Thats what I do as a fat person, I wonder if the seating arrangements are going to be comfortable enough so I can hide myself. I’m always hoping for an end seat on a couch so I can burrow into the arm with a throw pillow or I’m hoping for a free spot at a table so I can hide my body under it. I want to feel confident in the clothes I’m wearing when I’m sitting at people’s houses during the holidays. I don’t want to have to worry about seating arrangements, fit people never have to do that.

“High emotional intelligence is necessary for success.”

-Wes Watson

If I had high emotional intelligence then I wouldn’t have broken yesterday. Thats the issue with humans. We’re the only species who want more when we attain something. My more is always related to food. I feel like such a loser saying it and I feel like even more of a loser for not being able to control it.

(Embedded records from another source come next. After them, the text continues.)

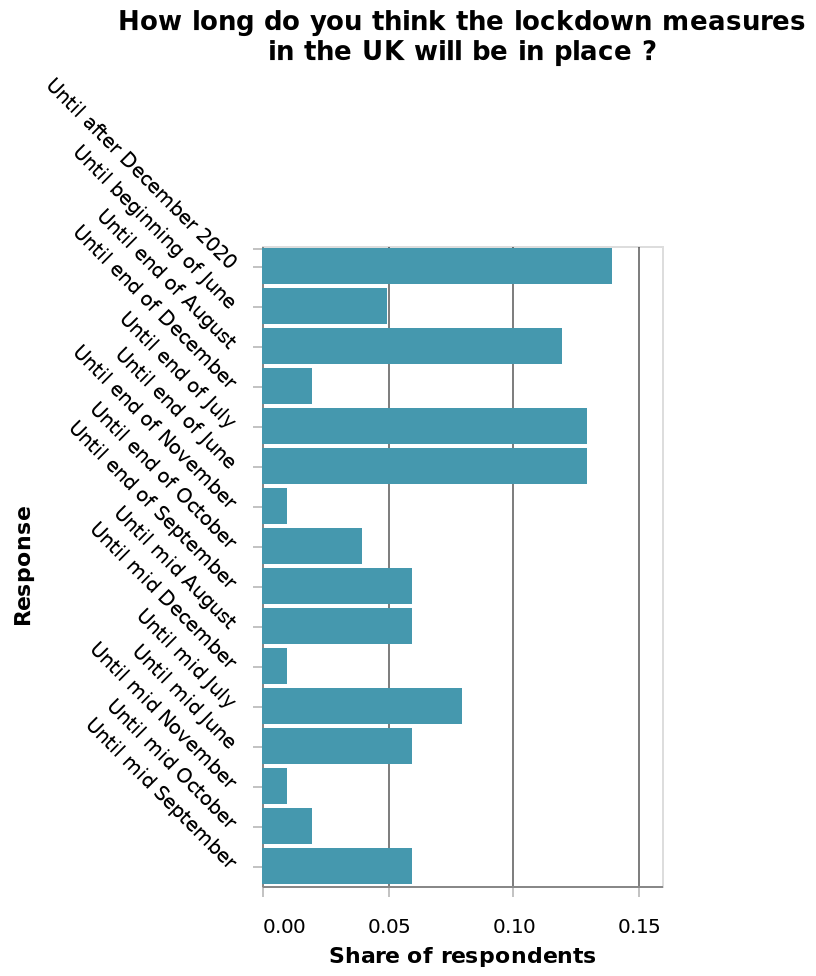<image>
What information does the bar plot provide? The bar plot provides data on the duration of the lockdown measures in the UK based on the responses of the respondents. What is the label of the bar plot?  The bar plot is labeled as "How long do you think the lockdown measures in the UK will be in place?". Did the majority of respondents believe that the lockdown would be lifted before December 2020?  No, most respondents believed that the lockdown would be in place until after December 2020. 
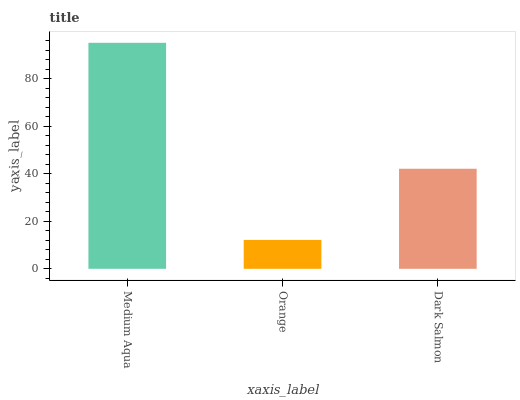Is Orange the minimum?
Answer yes or no. Yes. Is Medium Aqua the maximum?
Answer yes or no. Yes. Is Dark Salmon the minimum?
Answer yes or no. No. Is Dark Salmon the maximum?
Answer yes or no. No. Is Dark Salmon greater than Orange?
Answer yes or no. Yes. Is Orange less than Dark Salmon?
Answer yes or no. Yes. Is Orange greater than Dark Salmon?
Answer yes or no. No. Is Dark Salmon less than Orange?
Answer yes or no. No. Is Dark Salmon the high median?
Answer yes or no. Yes. Is Dark Salmon the low median?
Answer yes or no. Yes. Is Medium Aqua the high median?
Answer yes or no. No. Is Orange the low median?
Answer yes or no. No. 
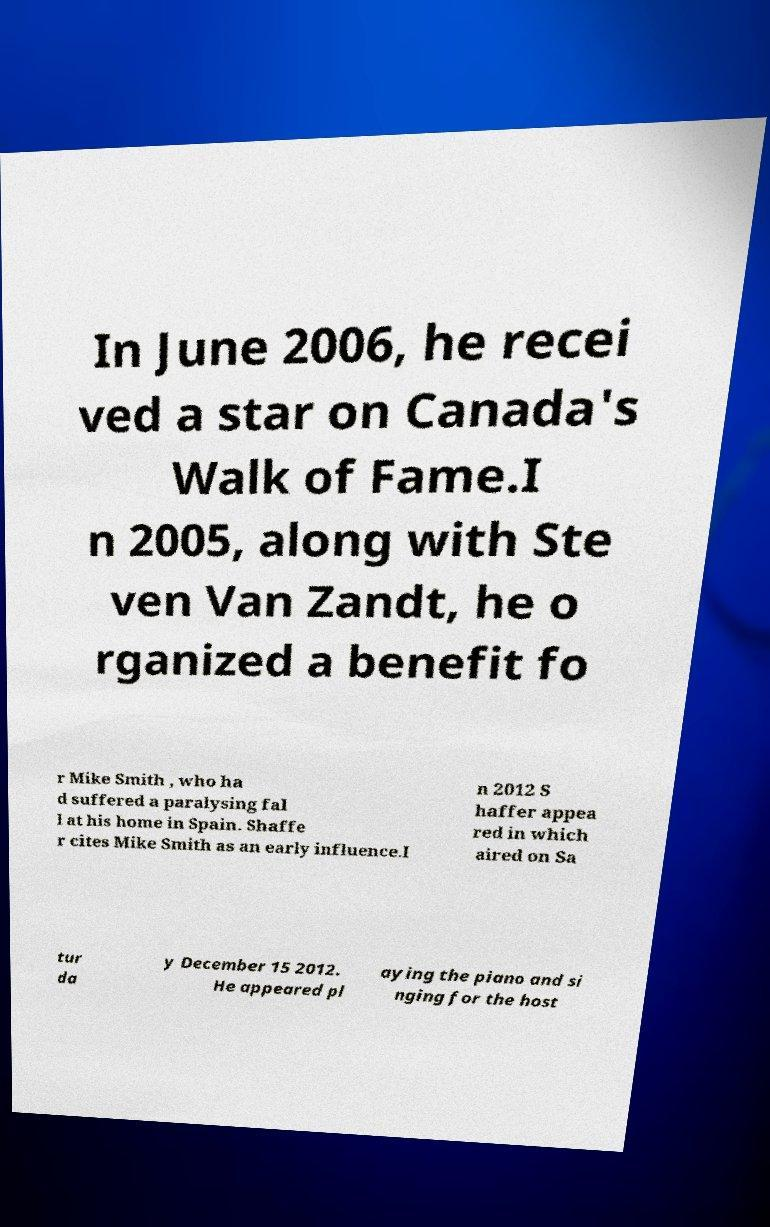Could you extract and type out the text from this image? In June 2006, he recei ved a star on Canada's Walk of Fame.I n 2005, along with Ste ven Van Zandt, he o rganized a benefit fo r Mike Smith , who ha d suffered a paralysing fal l at his home in Spain. Shaffe r cites Mike Smith as an early influence.I n 2012 S haffer appea red in which aired on Sa tur da y December 15 2012. He appeared pl aying the piano and si nging for the host

I CAN control it though, thats the problem. I have to control it. I want to see what I can make my body look like because it hasn’t looked good in a long time. I want to feel proud of my body so I can show up for the world. If I’m not proud of my body then I don’t want to show up anywhere for anyone. In this body, I’m not even comfortable to show up for my closest friends because of the way I look. I’m going to change that today.

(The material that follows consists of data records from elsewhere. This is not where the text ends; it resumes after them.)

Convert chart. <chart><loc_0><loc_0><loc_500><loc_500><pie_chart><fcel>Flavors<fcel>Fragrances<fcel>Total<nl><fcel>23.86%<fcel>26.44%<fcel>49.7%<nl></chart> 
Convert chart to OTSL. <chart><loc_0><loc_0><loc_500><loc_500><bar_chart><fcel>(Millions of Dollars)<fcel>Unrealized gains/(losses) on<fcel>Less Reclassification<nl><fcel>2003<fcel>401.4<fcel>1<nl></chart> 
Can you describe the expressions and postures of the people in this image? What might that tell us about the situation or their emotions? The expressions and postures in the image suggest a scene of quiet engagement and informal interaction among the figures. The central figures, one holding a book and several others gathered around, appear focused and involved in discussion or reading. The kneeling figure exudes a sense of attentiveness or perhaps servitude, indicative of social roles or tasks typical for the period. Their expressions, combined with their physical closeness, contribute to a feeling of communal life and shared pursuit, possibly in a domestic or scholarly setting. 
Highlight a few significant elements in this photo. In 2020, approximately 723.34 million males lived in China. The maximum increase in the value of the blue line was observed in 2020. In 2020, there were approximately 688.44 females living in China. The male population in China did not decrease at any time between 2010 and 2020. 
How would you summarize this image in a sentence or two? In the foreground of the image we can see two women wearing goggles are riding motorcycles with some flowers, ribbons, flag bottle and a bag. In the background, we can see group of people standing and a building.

I feel very negative right now and I have to change it because it’s dangerous to stay in this mindset for too long. I feel ashamed of myself which is the lowest frequency on the feeling scale so I have to put in the work today to make it right. I’m going to focus on eating right and exercising but I also have to work on a positive mindset.

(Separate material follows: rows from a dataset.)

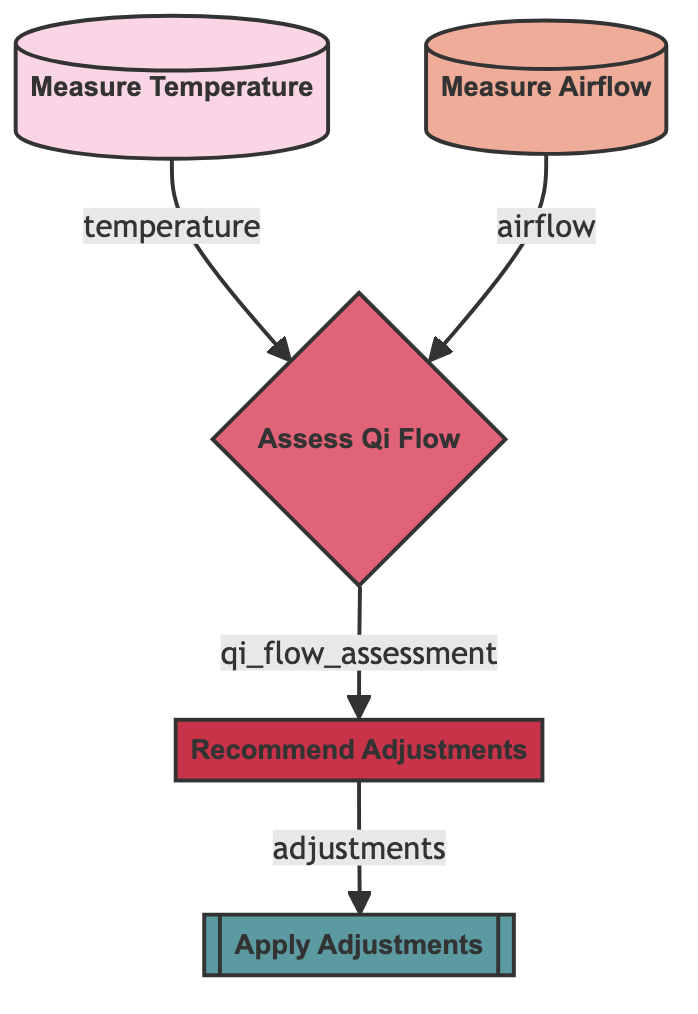What is the first step in the diagram? The first step is "Measure Temperature," which is the initial node before any assessments occur.
Answer: Measure Temperature How many total nodes are present in the diagram? Counting all the unique steps from measuring temperature to applying adjustments, there are five nodes in total.
Answer: Five What is the output of the "measure_airflow" element? The "measure_airflow" element outputs "airflow," which feeds into the assessment stage.
Answer: airflow Which node directly receives outputs from both "measure_temperature" and "measure_airflow"? The node that receives outputs from both measuring elements is "Assess Qi Flow," as it combines temperature and airflow data into its evaluation.
Answer: Assess Qi Flow What actions does the "recommend_adjustments" node lead to? The "recommend_adjustments" node leads to the action of "Apply Adjustments," which is the next step following the recommendations made based on the assessment.
Answer: Apply Adjustments What type of data does the "assess_qi_flow" node require? The "assess_qi_flow" node requires both "temperature" and "airflow" data inputs to carry out its evaluation of Qi flow.
Answer: temperature and airflow How many outputs does the "assess_qi_flow" node produce? The "assess_qi_flow" node produces one output, which is the "qi_flow_assessment," leading to subsequent recommendations.
Answer: one What is one possible adjustment suggested in the "recommend_adjustments" step? The "recommend_adjustments" step may suggest alterations such as changing furniture arrangements or adding plants to improve Qi circulation.
Answer: change furniture arrangement What is the color of the "apply_adjustments" node? The color of the "apply_adjustments" node is represented as #5b9aa0, indicating it distinctively follows the adjustment recommendations.
Answer: #5b9aa0

I can’t let the past 3 days of bad decisions hold me back mentally. I can’t give up because I feel like I’ve fallen back too far. I can’t let the old identity creep in because thats where I’m at right now. I’m identifying with the fat girl when I want to hold on to that glimmer of the fit girl identity I had when I was working out yesterday. I want to get to know that girl again. She appeared for a brief second and then I ate like garbage and she left. I want to get her back.

I know I sound crazy but I’m so fat right now that I can’t figure out who I am fit. I want to think myself fit by pretending I am already. I don’t want to condone my behavior for the last three days but I don’t want to live in that shame either. I want to accept that it happened and just move on knowing that it’s not going to happen again. I want to focus on the feeling of KNOWING that it’s not going to happen again.

I want to focus on doing everything right today knowing that I’m just going to take it one day at a time. One hour at a time. I’m not smoking today and I’m not eating like crap all day. My main focus today is getting my mind right, making sure I’m not living in a place of shame and guilt all day. I made the mistake and now I have to move on knowing that I’m going to be better today than I was yesterday.

I feel bad because I let myself down but I’m not going to live there. I want to be an inspiration to people and most importantly to myself. I want to believe in myself so I have to do the things that are going to build trust. I want to be able to trust myself and I want other people to be able to trust me.

“Build strength by accepting negative feelings but also controlling them. Use those feelings to push you into positive action.”